Can Democracy Survive?
It’s a portrait of a dystopia. Paramilitaries on tanks…tear gassing journalists…arresting unarmed people at gunpoint…declaring martial law….across an entire town…in peacetime…for killing an unarmed teenager…in the first place…with a President seemingly powerless to stop it.
That scene, of course, isn’t just Pakistan, Nigeria, or Cambodia today. It’s Ferguson, Missouri, the United States of America.
What the fuck?
Here’s what’s really going on. Constitutional Democracy itself is broken. Not just “in America”; but across the world. As an idea. Because it has few defenders left. And so the thugs and men with guns have simply stormed in, and…taken it away.
And that’s a shame. Because Constitutional Democracy—sorry, nerds, not Tinder, Uber, and Soylent—is one of humanity’s truly great accomplishments.
But the truth is that it began to end long ago. Over the last decade, Americans have lost the bulk of their basic rights. The right to free assembly, privacy, fair trial, speech, search, at a minimum. These simply no longer exist—though the Constitution nominally “guarantees” them, they are ignored and violated on a daily basis as part of everyday life.
That’s a small crack in a bigger collapse: the collapse of Constitutional Democracy.
America, of course, was once considered a great country. Not merely for its economic accomplishments; or its feats of engineering. But because it single-handedly created humanity’s greatest invention to date. A new kind of society. A Constitutional Democracy.
But the world’s most “successful” countries today are no longer Constitutional Democracies. They are one-party autocracies; they are de facto plutocracies; they are chest-beating oligarchies; they are something else entirely. Whatever America has become; a system for which we yet do not have a name.
Let’s call them Dismocracies, for now. For many of today’s regimes pretend to appear Democracies. To gain access to the world markets, to gain legitimacy in the world’s eyes, to gain favorable terms of trade. But they are precisely the negation of Constitutional Democracy. They are sophisticated social machines which funnel prosperity from the bottom, to the top.
What makes Dismocracies different? In these new regimes, people do not enjoy rights. The rich enjoy privileges; the poor bear burdens. Why? Because “growth” must be achieved at any cost—even if it means, paradoxically enough, impoverishing people.
The state does not truly govern—it merely manages society like a kind of giant investment fund.

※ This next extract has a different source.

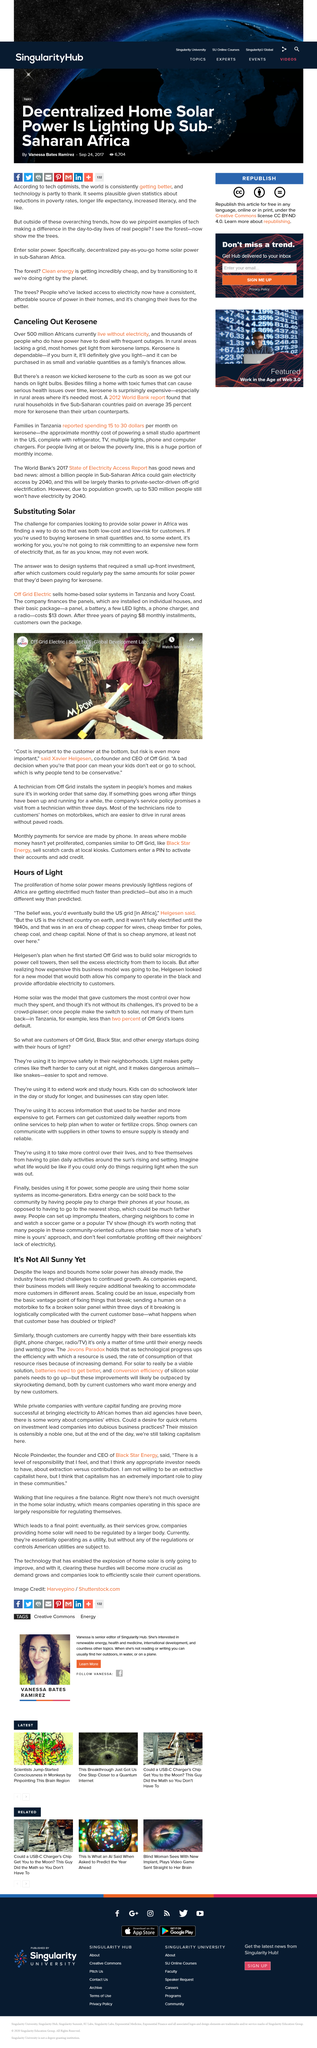Highlight a few significant elements in this photo. The expediting of the electrification process in Africa is being driven by solar power, which is a type of renewable energy. Off Grid Electric is a company that sells home-based solar systems in Tanzania and Ivory Coast. The title of the embedded video is Off-Grid Electric Scale U.S. Global Development Lab and it is shareable. In areas without access to a grid, the primary source of light is Kerosene lamps, particularly in rural areas. Over 500 million Africans currently live without access to electricity, according to recent estimates.

It is a kind of praetorship, which funnels funds to the private sector—from people. What, in turn, does the private sector “invest” in? Mechanisms of human repression. Private prisons, militaries, schools, hospitals, energy, information.
All the things, in short, that Constitutional Democracies guarantee as rights. Life, Liberty, and the Pursuit of Happiness…remember? Except in a Dismocracy, you do not have the right to any of these. You must purchase them. As privileges. If you can afford them…you must pay…through the nose…often to monopolists…in partnership with the very state that should exist to rein them in.
Life in Dismocracies is “dis”. It is dismal. It is disastrous. It is dystopian. It is short, nasty, bleak, hard, and depressing. And so it should concern us all to watch the world turning away from democracy.
None of us who claim to still be civilized people should want, or respect, Dismocracy. But that number, I fear, is shrinking every day.
Can Democracy survive? I don’t know. I confess: I don’t grow more hopeful by the day.
For the greatest ally of Dismocracy is the person who believes that Democracy is merely a trip to the megamall. In other words, the servant who believes he is the master; and so becomes less than the fool. The pawn.